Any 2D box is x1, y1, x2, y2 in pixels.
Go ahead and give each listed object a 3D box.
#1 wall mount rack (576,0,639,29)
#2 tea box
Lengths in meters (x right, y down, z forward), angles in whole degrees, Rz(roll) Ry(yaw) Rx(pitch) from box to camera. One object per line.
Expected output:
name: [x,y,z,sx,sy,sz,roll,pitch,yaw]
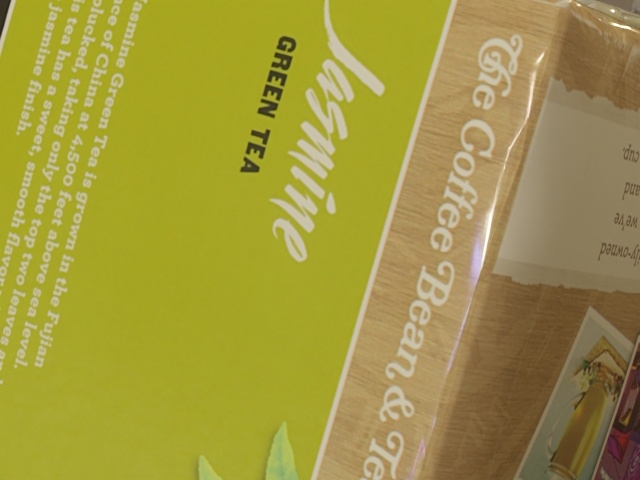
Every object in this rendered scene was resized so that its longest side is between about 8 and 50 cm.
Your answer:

* _YOUR ASSIGNMENT_: What is needed is an exact restatement of every line from the line containing "#1 wall mount rack (576,0,639,29)" through the last line of the records, minus any pictures.

* _RESPONSE_:
#1 wall mount rack (576,0,639,29)
#2 tea box
Lengths in meters (x right, y down, z forward), angles in whole degrees, Rz(roll) Ry(yaw) Rx(pitch) from box to camera. One object per line.
Expected output:
name: [x,y,z,sx,sy,sz,roll,pitch,yaw]
Every object in this rendered scene was resized so that its longest side is between about 8 and 50 cm.
Your answer:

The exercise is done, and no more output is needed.